You have now identified several genes where triglyceride levels have an effect on transcription, potentially interesting targets in the etiology of cardiovascular diseases. In part 2 you will use Mendelian randomization to infer cause and consequence between triglyceride levels and DNA methylation.
- Replace transcripts with cpgs and transcript_snps with cpg_snps in the for-loops of Part 1.
- Is there an association between triglyceride levels and DNA methylation for the 4 CpGs in cpgs?
- Is there evidence of an effect of triglyceride levels on DNA methylation for the 4 CpGs in cpgs?

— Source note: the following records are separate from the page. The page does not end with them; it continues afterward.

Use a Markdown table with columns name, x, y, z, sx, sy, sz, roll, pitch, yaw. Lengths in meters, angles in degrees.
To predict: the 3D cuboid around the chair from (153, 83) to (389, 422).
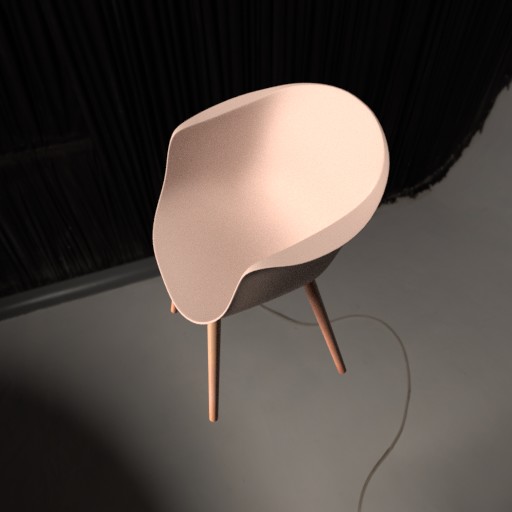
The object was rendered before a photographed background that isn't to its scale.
| name | x | y | z | sx | sy | sz | roll | pitch | yaw |
| --- | --- | --- | --- | --- | --- | --- | --- | --- | --- |
| chair | 0.000 | 0.000 | 1.186 | 0.504 | 0.781 | 0.593 | -17 | 49 | -15 |

- Are the genetic variants in cpg_snps good instruments for the CpGs in cpgs?
- Is there evidence of an effect of DNA methylation on triglyceride levels for the 4 CpGs in cpgs?

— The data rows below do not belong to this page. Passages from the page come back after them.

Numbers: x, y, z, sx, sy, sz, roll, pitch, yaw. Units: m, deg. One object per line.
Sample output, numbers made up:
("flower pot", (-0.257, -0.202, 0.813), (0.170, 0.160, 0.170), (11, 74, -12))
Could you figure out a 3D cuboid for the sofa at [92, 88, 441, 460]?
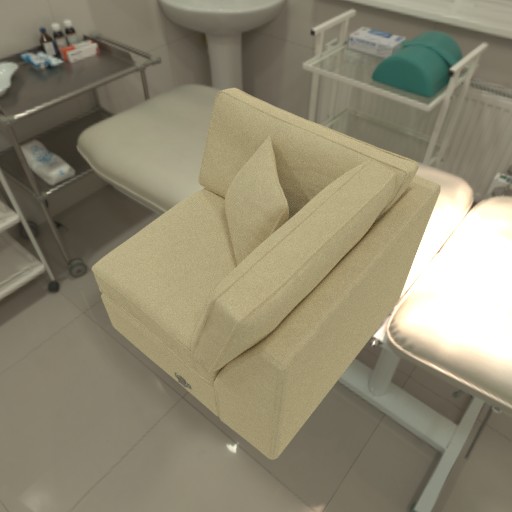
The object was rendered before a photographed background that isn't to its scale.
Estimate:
("sofa", (0.000, 0.000, 2.000), (1.084, 1.002, 1.146), (31, 54, 26))

- Is there an association between DNA methylation for the 4 CpGs in cpgs and transcription for the 4 genes in transcripts?
lm_transcripts_cpgs <- data.frame() # create new data frame
for (i in 1:ncol(transcripts)) { # iterate over number of transcripts
fit <- lm(transcripts[, i] ~ cpgs[, i]) # fit model for every transcript and corresponding CpG
coefficients <- summary(fit)$coefficients[2, , drop = F] # grab the second row of the coefficients, the first row contains the coefficients for the intercept
coefficients <- data.frame(coefficients, R.squared = summary(fit)$adj.r.squared) # add adjusted R-squared
lm_transcripts_cpgs <- rbind(lm_transcripts_cpgs, coefficients) # append the results to data frame
}
rownames(lm_transcripts_cpgs) <- paste(colnames(transcripts), colnames(cpgs), sep = "_")
lm_transcripts_cpgs
## Estimate Std..Error t.value Pr...t..
## abcg1_cg06500161 -0.72679237 0.04123655 -17.624956 4.447824e-66
## srebf1_cg11024682 -0.33976035 0.02930628 -11.593430 2.113061e-30
## srebf2_cg16000331 -0.09533609 0.01097351 -8.687838 6.112081e-18
## sqle_cg09984392 -0.15154543 0.01630232 -9.295943 2.812497e-20
## R.squared
## abcg1_cg06500161 0.09787434
## srebf1_cg11024682 0.04465665
## srebf2_cg16000331 0.02543250
## sqle_cg09984392 0.02905836
- Can you infer whether DNA methylation affects gene expression or visa versa?
- One of the assumptions of Mendelian randomization is that an instrument does not directly affect the response variable independent of its effect on the explanatory variable. Explain how this can be a problem when using genetic variants in cis with both CpG and gene.